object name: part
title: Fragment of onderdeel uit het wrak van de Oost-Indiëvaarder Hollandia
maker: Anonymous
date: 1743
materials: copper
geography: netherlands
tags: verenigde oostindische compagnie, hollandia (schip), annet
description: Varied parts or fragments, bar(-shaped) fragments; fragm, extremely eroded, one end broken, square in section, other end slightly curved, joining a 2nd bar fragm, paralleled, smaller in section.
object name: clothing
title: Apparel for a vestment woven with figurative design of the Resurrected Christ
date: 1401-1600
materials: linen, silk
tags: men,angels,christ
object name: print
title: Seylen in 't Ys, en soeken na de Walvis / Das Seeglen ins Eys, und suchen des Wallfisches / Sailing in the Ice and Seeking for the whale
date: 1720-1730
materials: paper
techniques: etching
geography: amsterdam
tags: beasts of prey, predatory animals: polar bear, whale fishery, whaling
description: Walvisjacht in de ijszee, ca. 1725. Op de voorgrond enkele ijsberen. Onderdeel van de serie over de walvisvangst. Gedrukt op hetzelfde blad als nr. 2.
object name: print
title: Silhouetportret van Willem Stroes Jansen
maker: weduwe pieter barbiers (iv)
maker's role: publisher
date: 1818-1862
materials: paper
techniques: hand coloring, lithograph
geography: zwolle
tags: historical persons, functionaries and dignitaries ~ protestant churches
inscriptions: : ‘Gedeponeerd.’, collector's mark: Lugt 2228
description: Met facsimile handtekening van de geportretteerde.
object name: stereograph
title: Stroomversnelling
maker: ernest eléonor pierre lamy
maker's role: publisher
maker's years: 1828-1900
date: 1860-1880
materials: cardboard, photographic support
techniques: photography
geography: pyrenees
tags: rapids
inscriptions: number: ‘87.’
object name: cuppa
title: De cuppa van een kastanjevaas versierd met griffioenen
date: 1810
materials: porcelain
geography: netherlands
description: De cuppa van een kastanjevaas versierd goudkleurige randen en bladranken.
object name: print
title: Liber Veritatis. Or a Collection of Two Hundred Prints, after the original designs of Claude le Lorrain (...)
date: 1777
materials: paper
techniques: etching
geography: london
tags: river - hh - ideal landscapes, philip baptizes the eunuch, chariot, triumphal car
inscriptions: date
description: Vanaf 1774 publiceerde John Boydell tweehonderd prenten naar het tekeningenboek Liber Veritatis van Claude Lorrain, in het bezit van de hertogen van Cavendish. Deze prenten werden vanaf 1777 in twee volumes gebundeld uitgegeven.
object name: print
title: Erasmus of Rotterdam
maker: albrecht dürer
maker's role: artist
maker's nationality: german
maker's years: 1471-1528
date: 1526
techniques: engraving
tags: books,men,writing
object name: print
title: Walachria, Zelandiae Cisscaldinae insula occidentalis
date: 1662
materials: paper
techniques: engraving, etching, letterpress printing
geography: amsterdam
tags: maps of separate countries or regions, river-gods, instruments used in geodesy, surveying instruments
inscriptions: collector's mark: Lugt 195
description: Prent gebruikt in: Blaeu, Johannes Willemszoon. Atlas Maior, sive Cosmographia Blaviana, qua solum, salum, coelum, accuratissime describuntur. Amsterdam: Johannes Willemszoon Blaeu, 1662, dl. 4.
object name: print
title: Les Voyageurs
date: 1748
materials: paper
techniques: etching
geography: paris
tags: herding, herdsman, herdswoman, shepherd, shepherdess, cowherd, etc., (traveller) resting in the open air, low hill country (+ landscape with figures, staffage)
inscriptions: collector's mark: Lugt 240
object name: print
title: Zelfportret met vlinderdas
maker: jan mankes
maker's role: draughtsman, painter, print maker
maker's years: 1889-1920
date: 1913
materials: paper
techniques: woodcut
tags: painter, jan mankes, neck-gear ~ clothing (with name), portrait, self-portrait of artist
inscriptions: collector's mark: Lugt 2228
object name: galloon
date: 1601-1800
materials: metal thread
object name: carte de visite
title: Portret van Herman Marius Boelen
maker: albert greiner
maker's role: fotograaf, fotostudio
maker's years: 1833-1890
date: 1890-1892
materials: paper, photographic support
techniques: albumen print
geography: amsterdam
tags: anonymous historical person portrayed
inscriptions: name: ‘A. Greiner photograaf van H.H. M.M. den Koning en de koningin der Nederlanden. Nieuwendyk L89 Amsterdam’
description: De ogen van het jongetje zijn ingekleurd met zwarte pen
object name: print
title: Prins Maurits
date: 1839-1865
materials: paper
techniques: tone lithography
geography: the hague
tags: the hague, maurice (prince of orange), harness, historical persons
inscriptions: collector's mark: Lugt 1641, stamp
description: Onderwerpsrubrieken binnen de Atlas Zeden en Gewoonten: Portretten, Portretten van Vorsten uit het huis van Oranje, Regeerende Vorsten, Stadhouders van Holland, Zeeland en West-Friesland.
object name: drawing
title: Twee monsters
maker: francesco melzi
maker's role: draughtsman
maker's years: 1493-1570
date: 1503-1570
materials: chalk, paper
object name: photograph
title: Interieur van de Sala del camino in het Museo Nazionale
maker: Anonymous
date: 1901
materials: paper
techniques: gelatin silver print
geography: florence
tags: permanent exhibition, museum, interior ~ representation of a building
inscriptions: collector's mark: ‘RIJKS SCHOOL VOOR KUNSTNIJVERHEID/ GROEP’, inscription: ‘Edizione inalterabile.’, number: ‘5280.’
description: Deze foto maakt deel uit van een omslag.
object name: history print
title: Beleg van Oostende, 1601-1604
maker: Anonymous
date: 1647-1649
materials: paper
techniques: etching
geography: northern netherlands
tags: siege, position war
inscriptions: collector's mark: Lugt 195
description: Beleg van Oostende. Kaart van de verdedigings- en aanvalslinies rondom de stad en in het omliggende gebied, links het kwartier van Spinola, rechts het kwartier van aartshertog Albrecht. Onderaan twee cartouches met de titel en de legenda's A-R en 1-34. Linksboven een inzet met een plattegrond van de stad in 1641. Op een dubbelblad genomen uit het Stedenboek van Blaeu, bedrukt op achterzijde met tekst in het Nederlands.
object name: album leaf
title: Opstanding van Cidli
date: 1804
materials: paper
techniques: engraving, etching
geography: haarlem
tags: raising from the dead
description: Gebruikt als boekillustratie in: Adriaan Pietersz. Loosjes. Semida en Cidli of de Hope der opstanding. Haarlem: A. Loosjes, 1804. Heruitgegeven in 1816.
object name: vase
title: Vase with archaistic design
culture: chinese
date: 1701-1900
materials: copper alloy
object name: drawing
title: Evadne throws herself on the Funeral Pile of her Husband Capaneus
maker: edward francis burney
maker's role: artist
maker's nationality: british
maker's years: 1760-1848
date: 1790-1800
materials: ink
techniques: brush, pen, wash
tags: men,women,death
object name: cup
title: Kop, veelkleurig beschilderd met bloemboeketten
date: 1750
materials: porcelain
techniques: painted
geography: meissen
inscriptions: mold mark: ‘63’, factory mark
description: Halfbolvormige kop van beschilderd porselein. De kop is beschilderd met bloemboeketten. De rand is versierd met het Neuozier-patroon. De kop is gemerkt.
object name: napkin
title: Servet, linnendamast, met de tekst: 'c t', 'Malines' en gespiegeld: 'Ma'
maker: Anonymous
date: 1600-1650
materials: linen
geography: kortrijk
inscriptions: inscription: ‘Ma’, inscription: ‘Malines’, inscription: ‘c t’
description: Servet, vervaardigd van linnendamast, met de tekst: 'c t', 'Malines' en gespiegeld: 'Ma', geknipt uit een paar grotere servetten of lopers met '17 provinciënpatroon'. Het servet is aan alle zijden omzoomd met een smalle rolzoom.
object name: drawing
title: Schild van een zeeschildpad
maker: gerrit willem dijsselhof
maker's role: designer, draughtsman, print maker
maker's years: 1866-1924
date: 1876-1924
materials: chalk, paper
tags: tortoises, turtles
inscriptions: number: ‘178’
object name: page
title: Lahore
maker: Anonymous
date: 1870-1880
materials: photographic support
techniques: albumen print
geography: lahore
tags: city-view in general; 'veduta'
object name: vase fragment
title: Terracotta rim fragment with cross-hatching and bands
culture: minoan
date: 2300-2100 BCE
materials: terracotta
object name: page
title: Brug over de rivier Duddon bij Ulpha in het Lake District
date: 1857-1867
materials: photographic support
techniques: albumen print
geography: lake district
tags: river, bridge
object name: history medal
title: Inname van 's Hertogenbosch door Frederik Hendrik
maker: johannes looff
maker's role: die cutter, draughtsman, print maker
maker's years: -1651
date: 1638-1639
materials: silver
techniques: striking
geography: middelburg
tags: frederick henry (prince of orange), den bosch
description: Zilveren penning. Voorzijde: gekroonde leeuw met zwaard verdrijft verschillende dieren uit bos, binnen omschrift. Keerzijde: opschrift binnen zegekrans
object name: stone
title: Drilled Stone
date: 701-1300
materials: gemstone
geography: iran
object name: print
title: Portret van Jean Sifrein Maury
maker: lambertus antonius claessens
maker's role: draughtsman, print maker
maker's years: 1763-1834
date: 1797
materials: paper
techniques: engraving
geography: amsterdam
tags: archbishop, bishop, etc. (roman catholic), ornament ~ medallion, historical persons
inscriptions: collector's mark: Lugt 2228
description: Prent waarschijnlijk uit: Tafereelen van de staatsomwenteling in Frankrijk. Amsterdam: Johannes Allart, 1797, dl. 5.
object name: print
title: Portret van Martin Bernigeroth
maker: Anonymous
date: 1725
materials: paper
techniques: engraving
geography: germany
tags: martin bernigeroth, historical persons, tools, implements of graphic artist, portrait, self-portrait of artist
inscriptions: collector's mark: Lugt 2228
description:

□ □ □ □

• _What is expected_: Repeat the lines from the first one in the records through the line containing "tags: beasts of", exactly as written, and nothing else.

• _Exercise output_:
object name: part
title: Fragment of onderdeel uit het wrak van de Oost-Indiëvaarder Hollandia
maker: Anonymous
date: 1743
materials: copper
geography: netherlands
tags: verenigde oostindische compagnie, hollandia (schip), annet
description: Varied parts or fragments, bar(-shaped) fragments; fragm, extremely eroded, one end broken, square in section, other end slightly curved, joining a 2nd bar fragm, paralleled, smaller in section.
object name: clothing
title: Apparel for a vestment woven with figurative design of the Resurrected Christ
date: 1401-1600
materials: linen, silk
tags: men,angels,christ
object name: print
title: Seylen in 't Ys, en soeken na de Walvis / Das Seeglen ins Eys, und suchen des Wallfisches / Sailing in the Ice and Seeking for the whale
date: 1720-1730
materials: paper
techniques: etching
geography: amsterdam
tags: beasts of prey, predatory animals: polar bear, whale fishery, whaling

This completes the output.